**DIRECTIONS:**
A line below contains "You are a computer-use", and a later one contains "Where is the". Repeat both, with every line between them, exactly.

**DATA TO PROCESS:**

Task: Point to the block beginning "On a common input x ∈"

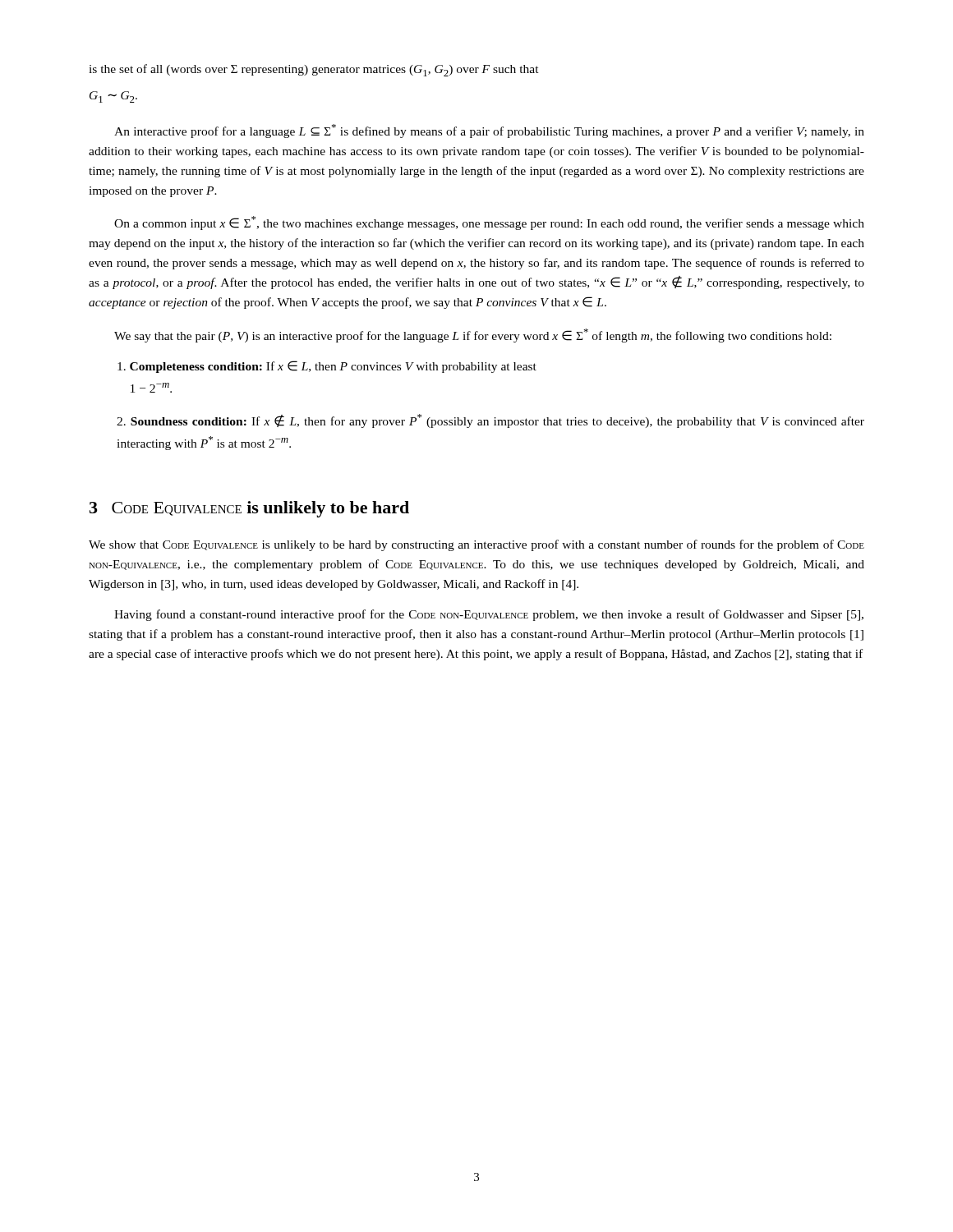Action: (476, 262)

* * *

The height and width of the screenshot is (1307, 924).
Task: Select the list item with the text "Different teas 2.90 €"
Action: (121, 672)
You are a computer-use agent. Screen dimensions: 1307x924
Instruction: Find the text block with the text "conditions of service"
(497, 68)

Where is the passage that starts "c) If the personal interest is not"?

**RESULT OF THIS EXERCISE:**
You are a computer-use agent. Screen dimensions: 1307x924
Instruction: Find the text block with the text "conditions of service"
(497, 68)

Where is the passage that starts "c) If the personal interest is not"?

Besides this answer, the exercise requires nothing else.